The proteomics workflow is illustrated in Figure 1 and has been described in detail in (E. S. Orwoll et al., 2018). Briefly, 150 µL of serum from the baseline MrOS visit that had been stored at −80°C since collection was depleted of 14 high‐abundance proteins using IgY14 immunoaffinity depletion columns (Sigma‐Aldrich, St. Louis, MO, USA) and digested with trypsin. A pooled serum from 102 MrOS participants served as technical control of sample processing and analysis; they were embedded throughout the proteomic runs. The tryptic peptide samples were analyzed using a LC‐IMS‐MS platform (Baker et al., 2010, 2014). Specifically, the analytical platform utilized in this work coupled a 1‐m ion mobility drift tube and an Agilent 6224 time‐of‐flight (TOF) mass spectrometer with an upgraded 1.5‐m TOF flight tube providing resolution of ~25,000. The coupled high‐performance LC (HPLC) system was a fully automated in‐house built 4‐column system equipped with in‐house packed capillary columns (30‐cm long having an o.d. of 360 µm, i.d. of 75 µm, and 3‐µm C18 packing material) and operated under a constant flow rate of 1 µL/min (Livesay et al., 2008). Ten µL of each sample was loaded onto a reverse‐phase column and separated over a 58‐min gradient from 100% of mobile phase A (0.5% formic acid in water) to 60% B (0.5% formic acid in 100% acetonitrile). Specifically, the percentage of mobile phase B for 0, 1.2, 12, 51, 58, 59, and 62 minutes was 0, 8, 12, 35, 60, 95, and finally 0% completing the separation/wash cycle. The acquisition range for the MS spectra extended from 100 to 3200 m/z. The details of the platform performance have been described elsewhere (Baker et al., 2010). Detection and quantification of LC‐IMS‐MS features with characteristic (mass, charge, LC elution time, IMS drift time and abundance) was performed using Decon2LS (Jaitly et al., 2009) and FeatureFinder (Crowell et al., 2013) software tools. The detected features were identified by mapping their mass, elution time, and drift time using VIPER software tools (Crowell et al., 2013; Zimmer et al., 2006) and linked to known proteins. Peptide abundances were log10 transformed. We removed outliers flagged by a multivariate distance measure. Data normalization was based on estimates of technical variability that were computed from measured abundances of peptides that were detected in all 102 pooled control samples.

4.4. Statistical analyses

4.4.1. Peptide and protein‐level associations with long‐lived status

We have published portions of our statistical analysis pipeline previously (Nielson et al., 2017; E. S. Orwoll et al., 2018). We used bias‐corrected estimates from linear regression models to estimate associations between individual peptide abundances and long‐lived status, followed by Bayesian meta‐analyses that combined peptide‐level results to yield associations at the protein level. We then used a resampling procedure to ensure protein‐level estimates were stable.

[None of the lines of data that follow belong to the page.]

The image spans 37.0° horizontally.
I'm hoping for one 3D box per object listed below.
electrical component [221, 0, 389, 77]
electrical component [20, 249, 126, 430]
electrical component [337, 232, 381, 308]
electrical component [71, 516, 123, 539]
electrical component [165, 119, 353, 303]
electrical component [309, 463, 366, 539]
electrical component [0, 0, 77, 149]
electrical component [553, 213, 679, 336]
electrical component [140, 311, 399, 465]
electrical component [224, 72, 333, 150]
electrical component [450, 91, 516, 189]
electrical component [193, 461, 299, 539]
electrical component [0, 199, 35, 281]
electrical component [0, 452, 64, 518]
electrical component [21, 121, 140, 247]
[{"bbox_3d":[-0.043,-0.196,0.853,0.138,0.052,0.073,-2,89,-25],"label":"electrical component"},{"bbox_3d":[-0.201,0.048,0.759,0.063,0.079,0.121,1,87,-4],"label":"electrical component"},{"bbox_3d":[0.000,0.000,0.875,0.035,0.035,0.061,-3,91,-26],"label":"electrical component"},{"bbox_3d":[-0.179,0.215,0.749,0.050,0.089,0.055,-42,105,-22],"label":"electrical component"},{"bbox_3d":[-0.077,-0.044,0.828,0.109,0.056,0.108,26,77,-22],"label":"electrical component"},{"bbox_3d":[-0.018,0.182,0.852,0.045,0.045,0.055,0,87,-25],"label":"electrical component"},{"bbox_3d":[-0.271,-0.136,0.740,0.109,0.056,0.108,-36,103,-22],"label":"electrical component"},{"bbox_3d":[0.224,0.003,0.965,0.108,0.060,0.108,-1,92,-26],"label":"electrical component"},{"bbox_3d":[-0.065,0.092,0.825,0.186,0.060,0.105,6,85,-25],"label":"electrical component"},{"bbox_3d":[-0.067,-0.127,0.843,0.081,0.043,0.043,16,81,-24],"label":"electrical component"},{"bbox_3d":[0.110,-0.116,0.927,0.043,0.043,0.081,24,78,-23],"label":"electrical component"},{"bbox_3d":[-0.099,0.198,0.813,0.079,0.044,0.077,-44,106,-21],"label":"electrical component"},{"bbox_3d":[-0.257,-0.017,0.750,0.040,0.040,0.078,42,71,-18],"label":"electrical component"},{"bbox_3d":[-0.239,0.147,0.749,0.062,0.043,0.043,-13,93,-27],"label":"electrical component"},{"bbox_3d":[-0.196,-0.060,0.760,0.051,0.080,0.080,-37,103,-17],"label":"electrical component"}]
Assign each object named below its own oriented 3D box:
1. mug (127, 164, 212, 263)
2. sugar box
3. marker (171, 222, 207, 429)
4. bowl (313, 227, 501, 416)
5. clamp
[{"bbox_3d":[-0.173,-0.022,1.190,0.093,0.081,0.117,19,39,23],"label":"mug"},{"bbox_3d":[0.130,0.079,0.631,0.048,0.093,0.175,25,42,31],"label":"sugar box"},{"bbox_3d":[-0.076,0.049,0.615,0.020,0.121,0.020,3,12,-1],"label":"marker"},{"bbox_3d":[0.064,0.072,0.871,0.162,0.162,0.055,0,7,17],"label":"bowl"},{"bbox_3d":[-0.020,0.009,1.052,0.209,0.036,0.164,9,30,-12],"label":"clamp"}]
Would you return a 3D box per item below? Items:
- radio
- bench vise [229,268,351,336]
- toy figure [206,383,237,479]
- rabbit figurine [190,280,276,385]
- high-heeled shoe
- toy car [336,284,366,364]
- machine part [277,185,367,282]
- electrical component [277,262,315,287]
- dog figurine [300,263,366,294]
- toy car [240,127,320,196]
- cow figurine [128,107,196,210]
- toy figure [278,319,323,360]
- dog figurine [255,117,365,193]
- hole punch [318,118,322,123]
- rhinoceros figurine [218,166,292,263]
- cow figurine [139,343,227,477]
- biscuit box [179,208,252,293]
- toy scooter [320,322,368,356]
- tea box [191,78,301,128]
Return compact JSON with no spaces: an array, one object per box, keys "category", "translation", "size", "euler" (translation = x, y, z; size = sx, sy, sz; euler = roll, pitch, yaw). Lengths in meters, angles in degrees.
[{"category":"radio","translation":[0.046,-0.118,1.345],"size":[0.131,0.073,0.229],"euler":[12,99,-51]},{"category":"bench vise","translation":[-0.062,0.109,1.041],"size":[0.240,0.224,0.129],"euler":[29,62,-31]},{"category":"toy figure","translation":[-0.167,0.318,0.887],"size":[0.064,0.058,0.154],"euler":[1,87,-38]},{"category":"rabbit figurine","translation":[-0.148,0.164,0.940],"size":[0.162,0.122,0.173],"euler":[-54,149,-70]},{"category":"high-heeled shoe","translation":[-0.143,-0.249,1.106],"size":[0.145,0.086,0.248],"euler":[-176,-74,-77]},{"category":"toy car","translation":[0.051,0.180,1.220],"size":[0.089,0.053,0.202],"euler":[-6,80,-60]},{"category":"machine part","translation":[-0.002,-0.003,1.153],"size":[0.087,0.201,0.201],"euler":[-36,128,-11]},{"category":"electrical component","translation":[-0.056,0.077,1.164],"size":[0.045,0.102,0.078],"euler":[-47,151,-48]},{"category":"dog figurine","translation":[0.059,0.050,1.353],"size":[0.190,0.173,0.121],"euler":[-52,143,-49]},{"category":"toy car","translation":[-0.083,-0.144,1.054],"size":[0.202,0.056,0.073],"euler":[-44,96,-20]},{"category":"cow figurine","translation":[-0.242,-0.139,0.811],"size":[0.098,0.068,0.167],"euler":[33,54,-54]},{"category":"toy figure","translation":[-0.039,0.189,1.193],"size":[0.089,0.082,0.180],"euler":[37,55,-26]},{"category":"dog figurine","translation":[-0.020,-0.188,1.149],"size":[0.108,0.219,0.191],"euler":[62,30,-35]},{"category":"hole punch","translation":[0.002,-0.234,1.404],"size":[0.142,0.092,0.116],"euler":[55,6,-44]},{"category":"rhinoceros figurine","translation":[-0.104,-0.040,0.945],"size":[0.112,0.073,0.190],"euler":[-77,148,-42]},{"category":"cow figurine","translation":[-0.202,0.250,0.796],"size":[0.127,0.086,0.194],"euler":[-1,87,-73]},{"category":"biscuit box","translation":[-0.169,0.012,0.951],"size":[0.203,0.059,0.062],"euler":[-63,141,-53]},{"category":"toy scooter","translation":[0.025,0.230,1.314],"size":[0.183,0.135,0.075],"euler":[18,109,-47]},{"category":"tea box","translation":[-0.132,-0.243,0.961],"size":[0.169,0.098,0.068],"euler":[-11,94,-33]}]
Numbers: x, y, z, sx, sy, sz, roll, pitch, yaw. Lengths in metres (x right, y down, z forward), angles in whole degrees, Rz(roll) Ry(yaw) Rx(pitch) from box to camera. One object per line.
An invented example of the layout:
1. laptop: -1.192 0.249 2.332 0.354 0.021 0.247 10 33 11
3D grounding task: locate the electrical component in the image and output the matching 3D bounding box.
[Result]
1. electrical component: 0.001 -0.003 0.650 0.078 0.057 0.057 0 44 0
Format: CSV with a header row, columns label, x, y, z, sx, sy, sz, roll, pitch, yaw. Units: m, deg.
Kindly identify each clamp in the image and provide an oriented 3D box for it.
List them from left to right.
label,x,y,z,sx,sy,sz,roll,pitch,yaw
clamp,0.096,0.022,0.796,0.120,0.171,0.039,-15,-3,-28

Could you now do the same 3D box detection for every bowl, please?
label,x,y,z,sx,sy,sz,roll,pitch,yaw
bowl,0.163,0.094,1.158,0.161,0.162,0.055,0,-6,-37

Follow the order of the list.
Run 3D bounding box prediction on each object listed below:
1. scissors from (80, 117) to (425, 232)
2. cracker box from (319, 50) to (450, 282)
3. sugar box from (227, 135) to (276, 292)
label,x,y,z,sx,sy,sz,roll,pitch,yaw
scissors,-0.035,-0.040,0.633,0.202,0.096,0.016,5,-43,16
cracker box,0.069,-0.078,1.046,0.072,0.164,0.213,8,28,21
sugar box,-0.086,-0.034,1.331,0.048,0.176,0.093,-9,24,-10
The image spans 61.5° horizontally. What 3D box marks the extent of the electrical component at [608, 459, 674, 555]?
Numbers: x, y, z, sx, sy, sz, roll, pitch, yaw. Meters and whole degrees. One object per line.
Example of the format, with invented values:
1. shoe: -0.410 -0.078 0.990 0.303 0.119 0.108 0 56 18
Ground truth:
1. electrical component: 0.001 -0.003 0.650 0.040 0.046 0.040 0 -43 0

The linear regression model used normalized log10 peptide abundance levels as the dependent variable, and incorporated adjustments only for participant age and the population‐based birth‐cohort cumulative hazard at age to account for differential hazard at the same age in different subcohorts. Measures of body mass index were essentially identical in long‐lived and control groups. The models included indicators for MrOS clinical site (to ensure no variability based on unappreciated differences in study conduct between sites) and an indicator for peptides whose abundance was partially imputed during mass‐spectrometry analysis. The fold difference between peptide abundance in the longevity group and the short‐lived group was estimated as the antilog of β1 from the following model:

log10peptideabundanceμ+β1alive90th+β2age+β3cumhazard+adjustmentvariables+error

Our approach to account for bias in the peptide fold changes caused by missing peptide values was application of the Heckman selection model (Heckman, 1979), the details of which have been previously described (Nielson et al., 2017).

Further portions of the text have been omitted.